I like to foill mine at the 2.5 hour mark.  but you dont have to .  I like to spray it with a mix of apple cider, ketchup and tabasco mix.

but not always.  you can always keep it simple!!!

Add sauce the last half hour if you lie to add sauce....

Total time with a thick rib can be 5-6 hours  but do a taste test.  I always add and ecxtra rib just for sampling  :-)

HTH  and good luck!!!  Beef ribs are AWSOME.

Zed


----------



## michief (Jul 1, 2013)

I love both but beef ribs are my fav when I can find nice meaty dino bones. Doing them for the 4th in fact.

Sent from my SPH-D710 using Tapatalk 2


----------



## smokinroosters (Jul 1, 2013)

Thanks for the input I think I will try a batch !


----------



## parman (Jul 2, 2013)

Beef ribs are awesome to smoke. Here's what I do.

I used hickory or red oak with applewood. Pull off rib membrane, apply Worchestershire sauce and then apply rub. Now I start my fire. This allows the rib to get closer to room temp.

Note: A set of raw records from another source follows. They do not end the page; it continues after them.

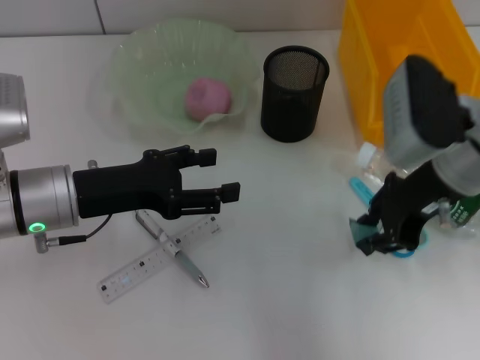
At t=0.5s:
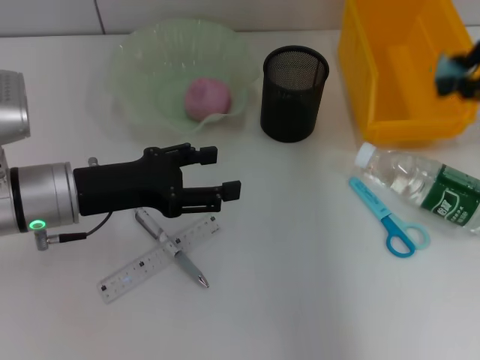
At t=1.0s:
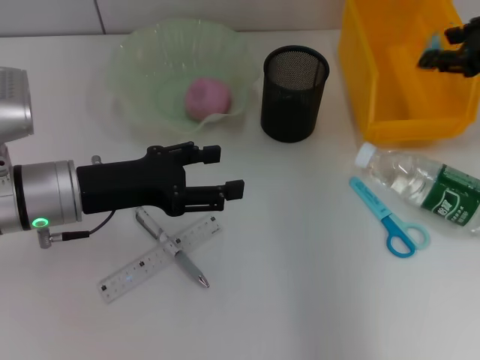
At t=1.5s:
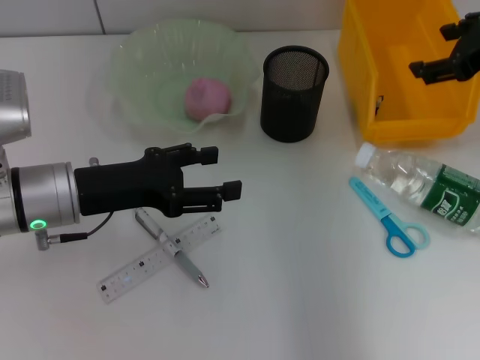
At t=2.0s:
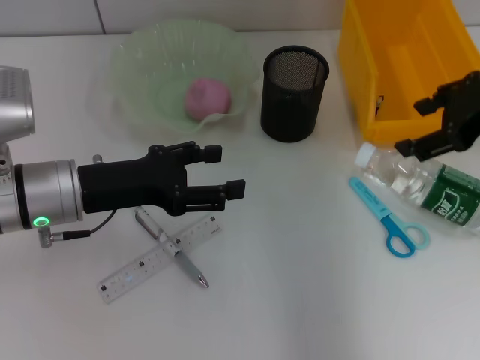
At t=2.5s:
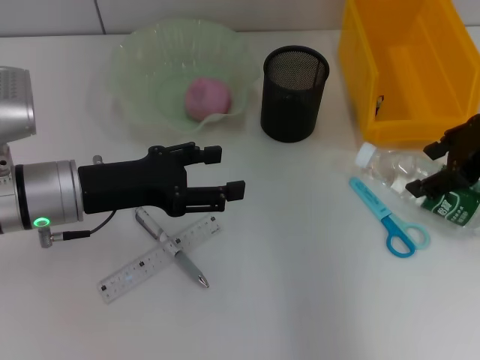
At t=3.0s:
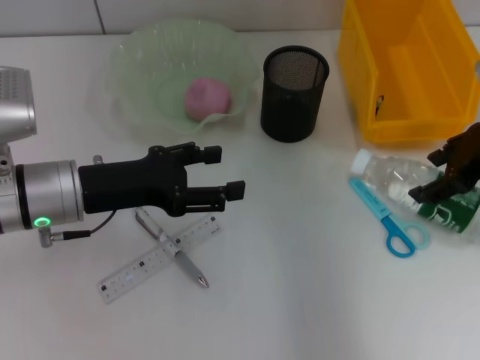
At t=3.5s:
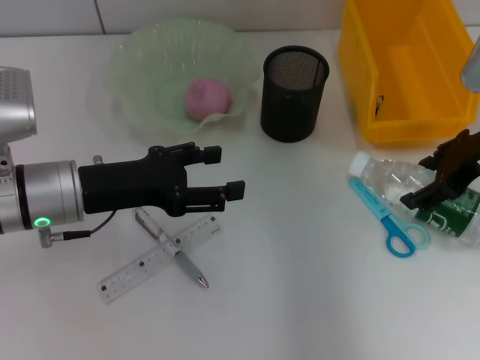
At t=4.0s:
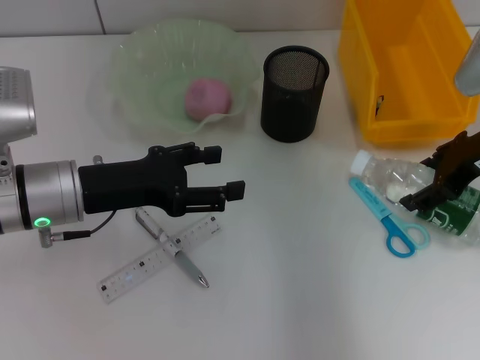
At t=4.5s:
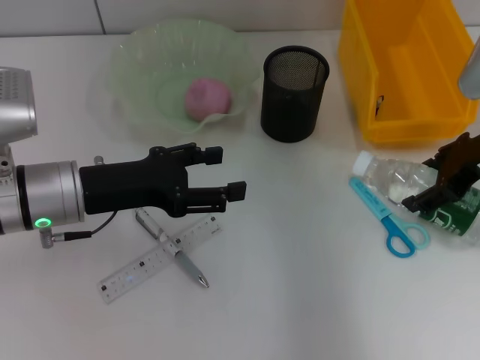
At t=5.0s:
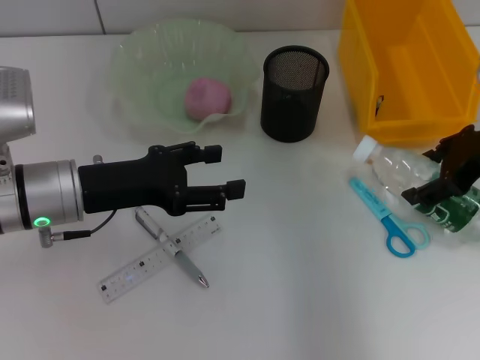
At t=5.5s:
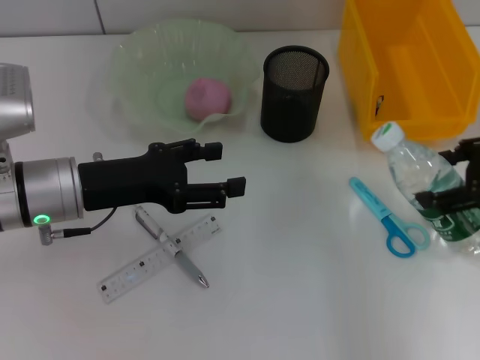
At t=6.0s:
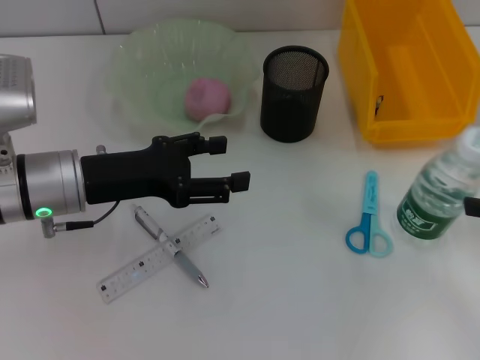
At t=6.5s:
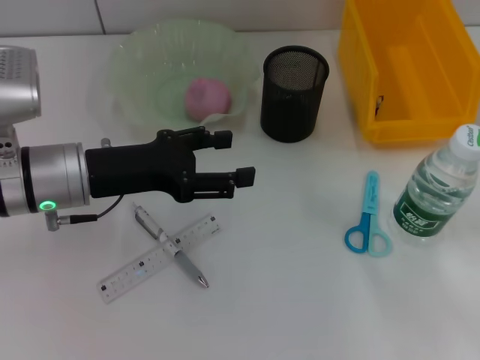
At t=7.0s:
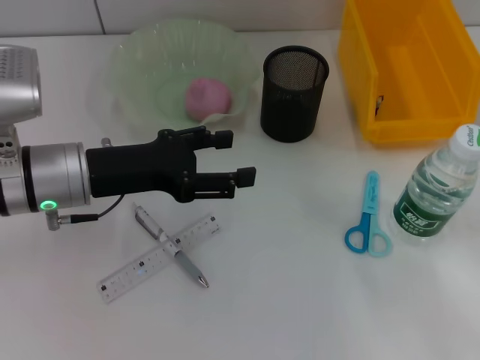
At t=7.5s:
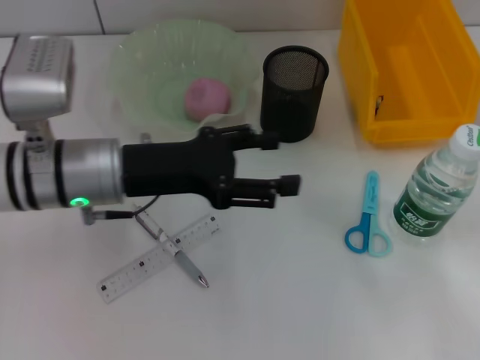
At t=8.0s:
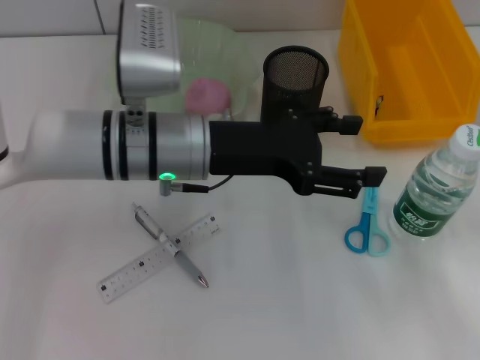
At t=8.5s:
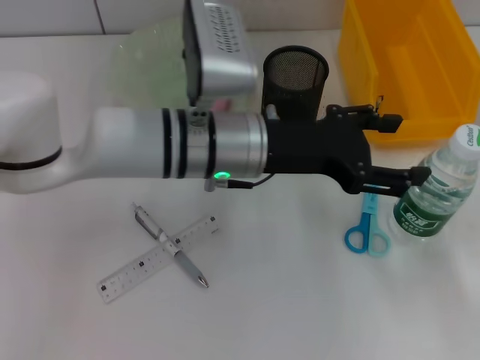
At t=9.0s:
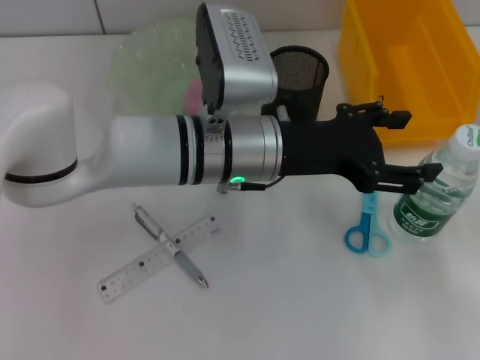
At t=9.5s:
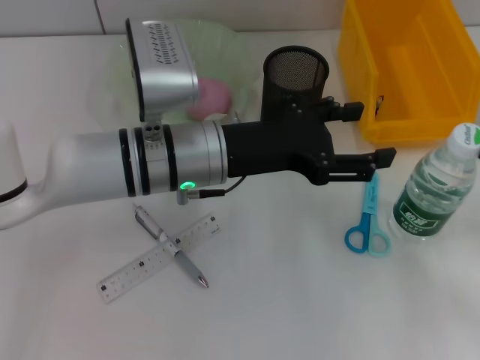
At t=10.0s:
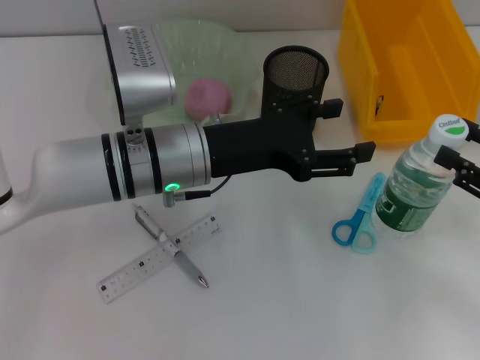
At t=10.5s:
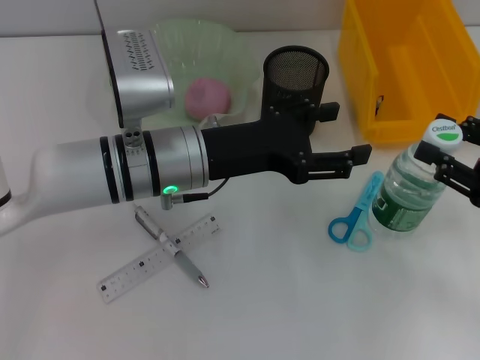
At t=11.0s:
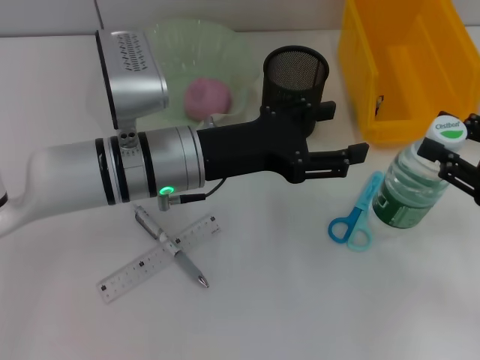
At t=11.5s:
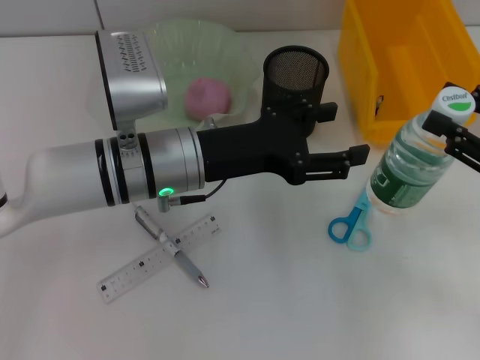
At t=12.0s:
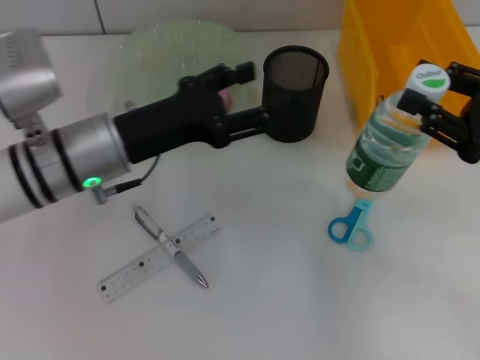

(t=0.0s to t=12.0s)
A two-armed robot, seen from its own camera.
Step, t=0.0s - t=1.0s: Place the plastic into the trash can with the right hand.
Step, t=1.5s - t=4.5s: Grab the water bottle with the right hand.
t=0.0s - t=2.0s: The right gripper moves to the right and upward, about 10 cm, and opens up.
t=2.0s - t=4.0s: The right gripper moves downward, about 5 cm.
t=4.0s - t=6.0s: The right gripper moves backward and to the right, roughly 15 cm.
t=6.0s - t=8.0s: The left gripper moves to the right, approximately 10 cm, while the right gripper shifts approximately 10 cm backward and downward, and closes, then reopens.
t=8.0s - t=10.0s: The right gripper shifts approximately 10 cm forward.
t=10.0s - t=12.0s: The left gripper goes roughly 5 cm to the left. Meanwhile the right gripper ends up about 5 cm from where it was.

I like my fire at 225 to 250 for this smoke. 5 hours is almost spot on. I set my ribs cross wise on the smoker with the thick end towards the fire. I place them meat side down for the first hour as this renders alot of the fat into the meat. At the 1 hour mark I flip them over and just maintain my fire. If you must look they'll be dull in color at the beginning and shiny and moist looking when finished. Pick the slab up with tongs and they should bent amost to a 45* angle.

I don't sauce mine. I'll put sauce on the side but no one ever uses it. I use a  different rub than I ever seen mentioned here and you just don't need to sauce.

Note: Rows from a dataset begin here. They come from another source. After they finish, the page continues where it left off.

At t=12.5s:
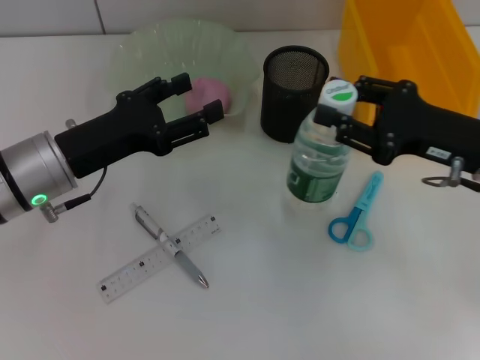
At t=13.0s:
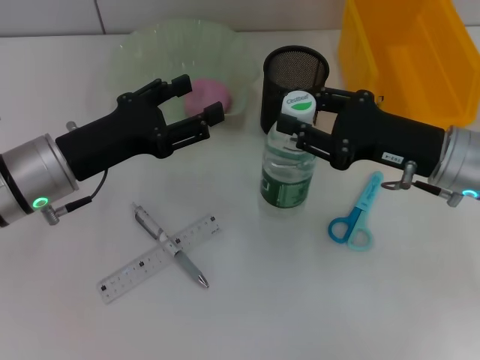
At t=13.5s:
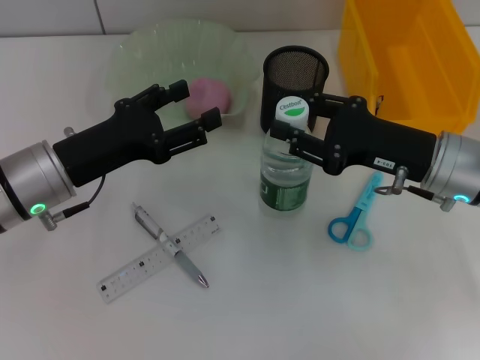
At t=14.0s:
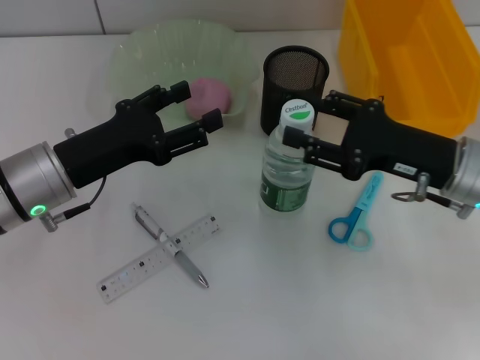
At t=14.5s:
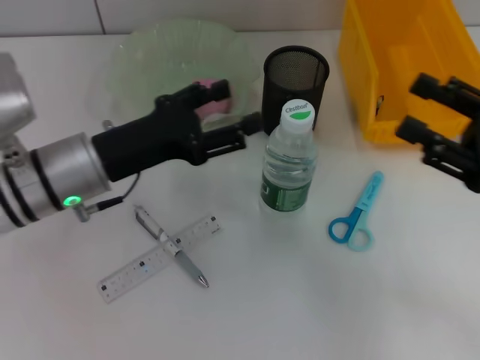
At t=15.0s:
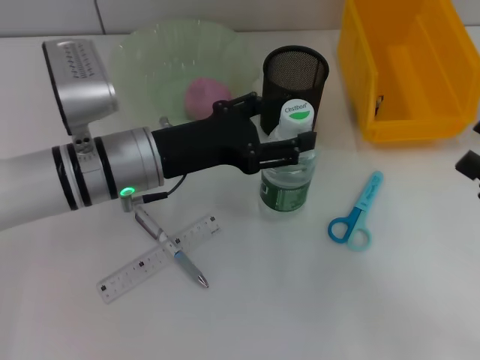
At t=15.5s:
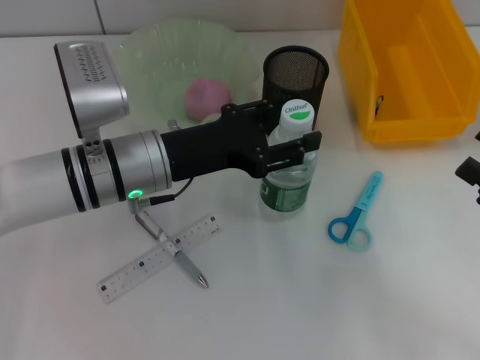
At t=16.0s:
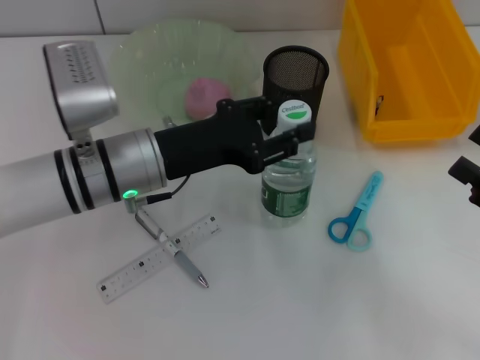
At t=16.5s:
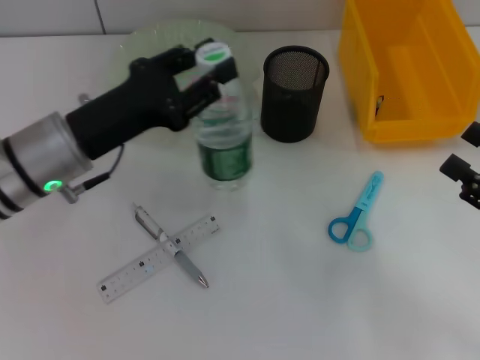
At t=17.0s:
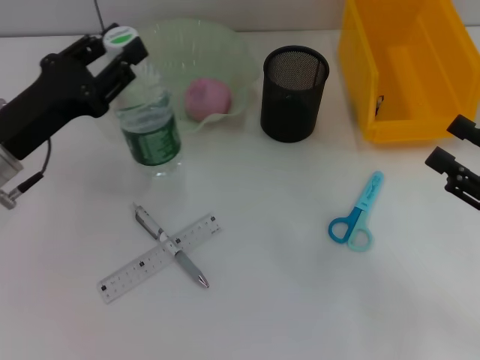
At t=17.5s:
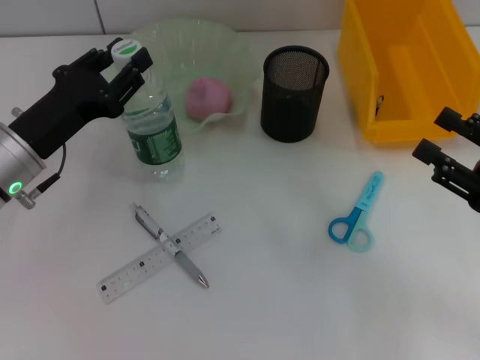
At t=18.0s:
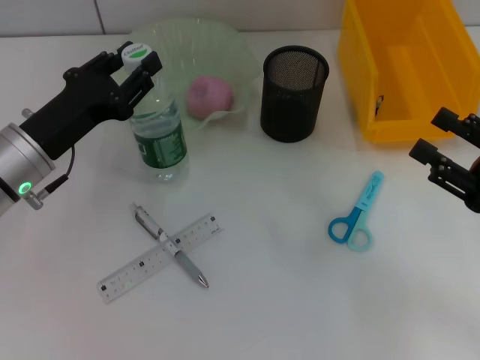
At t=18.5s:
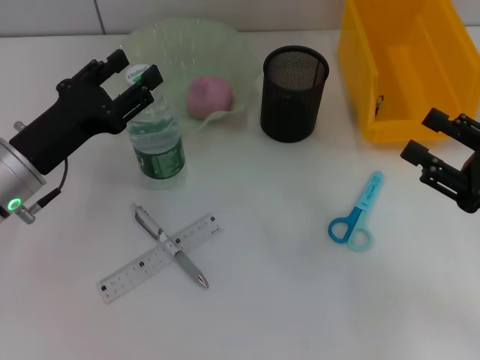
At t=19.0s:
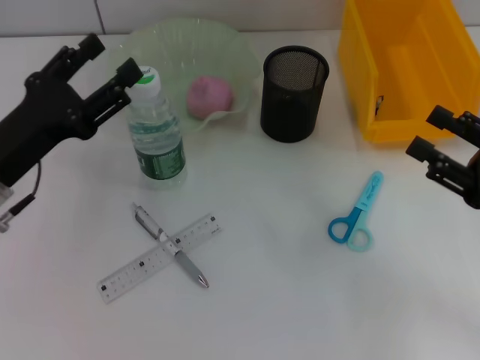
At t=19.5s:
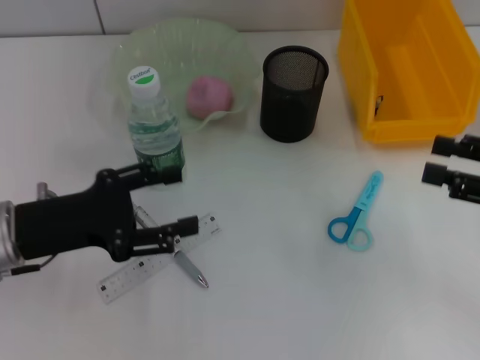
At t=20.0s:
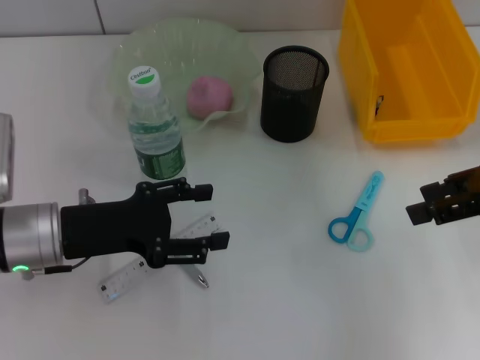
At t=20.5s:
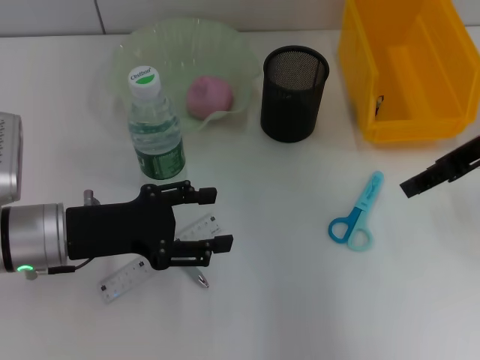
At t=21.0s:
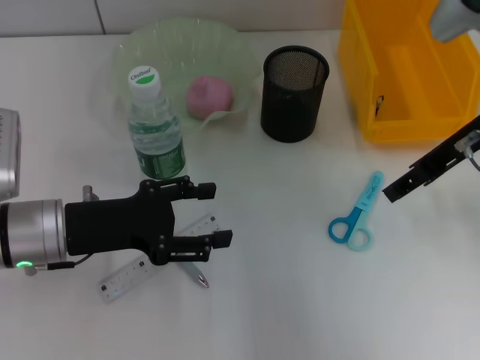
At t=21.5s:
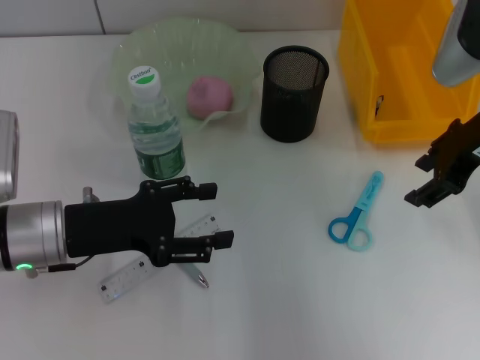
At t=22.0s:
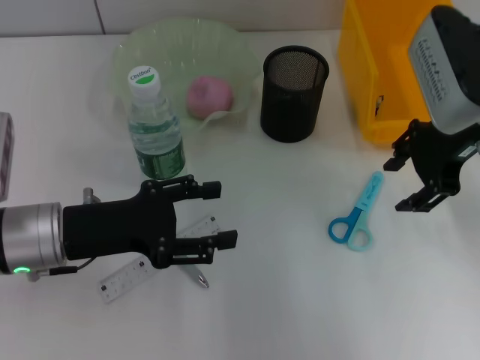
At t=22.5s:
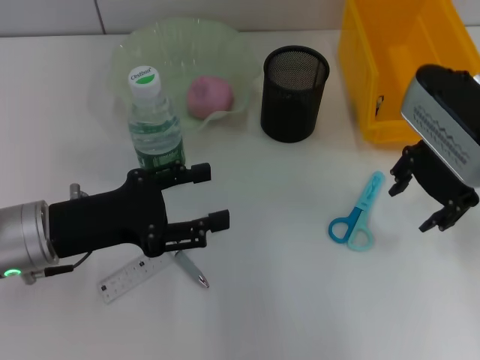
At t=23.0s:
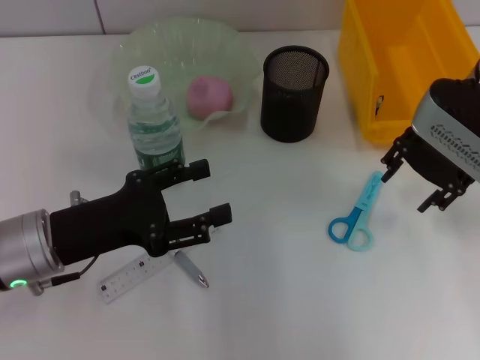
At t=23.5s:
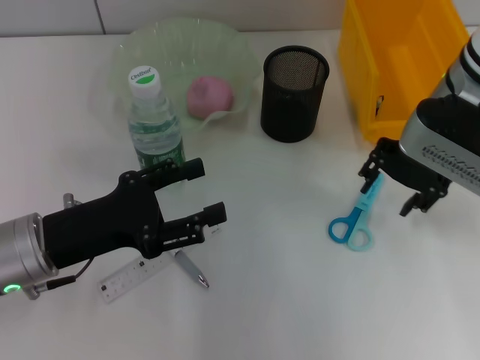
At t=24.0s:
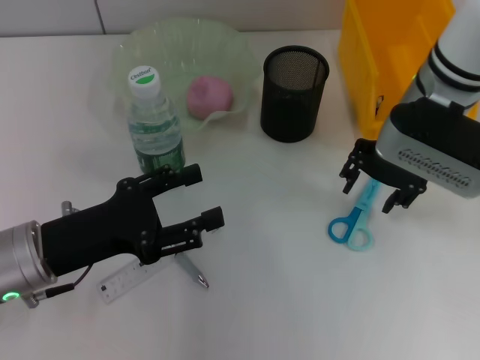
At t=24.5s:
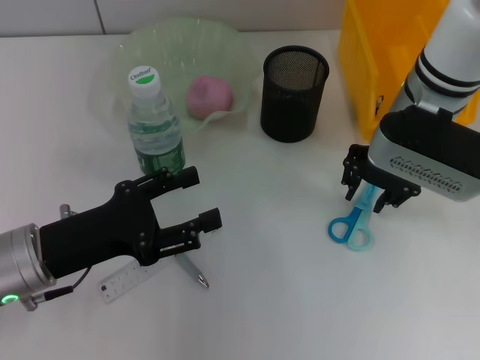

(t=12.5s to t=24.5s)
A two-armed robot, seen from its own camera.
Step, t=14.5s - t=15.5s: Grab the water bottle with the left hand.
Step, t=16.0s - t=18.5s: Place the water bottle on the table with the left hand.
t=12.5s - t=14.5s: The right gripper travels backward by about 5 cm.
t=14.5s - t=16.5s: The right gripper ends up approximately 5 cm from where it was; the left gripper closes its fingers.
t=16.5s - t=18.5s: The left gripper ends up roughly 5 cm from where it was.
t=18.5s - t=20.5s: The right gripper goes approximately 20 cm upward, forward and to the left.
t=20.5s - t=22.5s: The right gripper shifts some 5 cm to the left.
t=22.5s - t=24.5s: The right gripper is displaced to the left by some 5 cm.

Good luck and let us know how they turn out.

Hint: I always bring my butcher offerings of jerky, chile etc. So when I need a nice slab of beef bones he'll cut his ribeyes for the display and have I have a gorgeous rack of beef bones!


----------



## shannont (Sep 2, 2013)

I made my first rack of beef ribs following the instructions posted in this thread.  These ribs were so good I made beef rib believers out of my peanut gallery skeptics"beef ribs are tough, chewy, fatty and gross - they said".  I cooked at 250/255 hotter than I had wanted for 5 hours and my ribs were a little over cooked, they pulled completely off the bone but this isn't a competition so I didn't really care - the rookies were impressed. The hickory flavor and smoke ring were awesome NO ONE asked for sauce. These were the exact opposite of what my nay sayr's said meaning they were super tender, moist, not fatty at all, full of flavor and I wouldn't change anything about this recipe except for my ability to control my heat.

Thank you smoking gods for giving me another meaty tool for my arsenal.


----------